What lines of the data below hold the string "Locate"? Copy each one out.

RECORD EXTRACTS.
════════
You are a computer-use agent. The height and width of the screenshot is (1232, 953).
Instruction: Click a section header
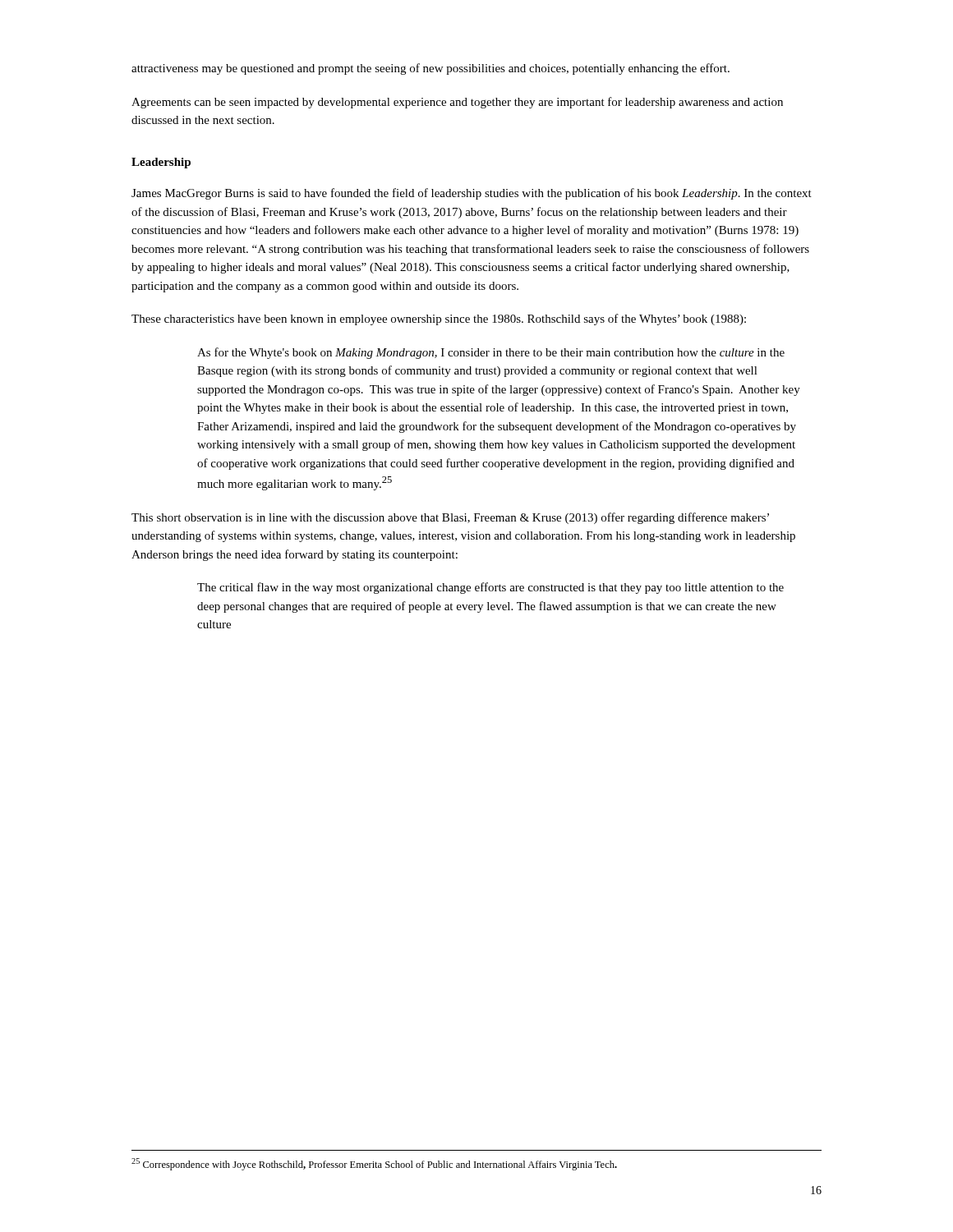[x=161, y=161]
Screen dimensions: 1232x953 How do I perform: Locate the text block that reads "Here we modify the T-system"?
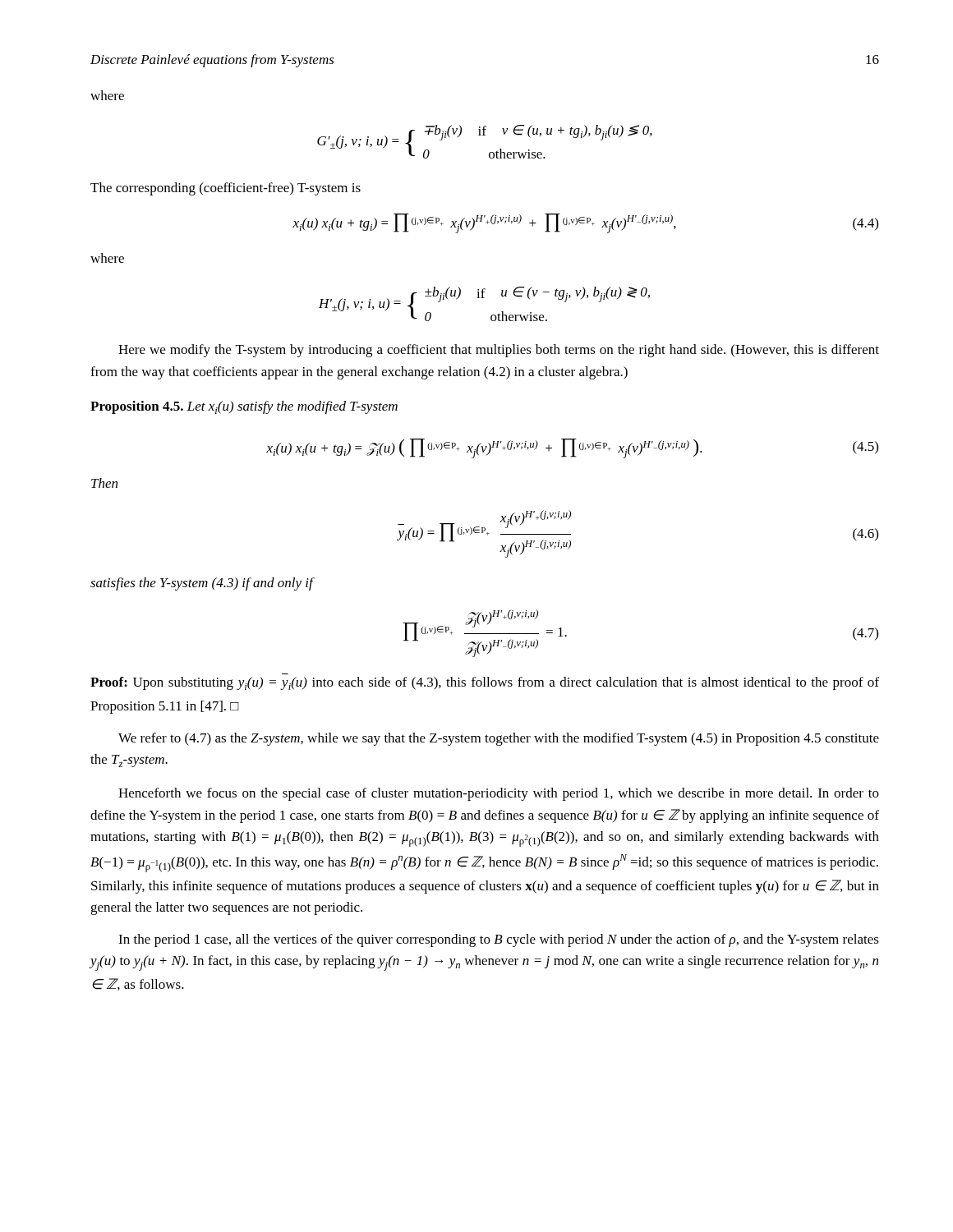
════════
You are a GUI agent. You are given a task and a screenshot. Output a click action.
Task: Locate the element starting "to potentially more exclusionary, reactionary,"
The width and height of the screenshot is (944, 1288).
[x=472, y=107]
════════
RESPONSE AREA.
Screen dimensions: 1232x953 How do I perform: Locate the text block that reads "Here we modify the T-system"?
Task: Locate the element starting "to potentially more exclusionary, reactionary,"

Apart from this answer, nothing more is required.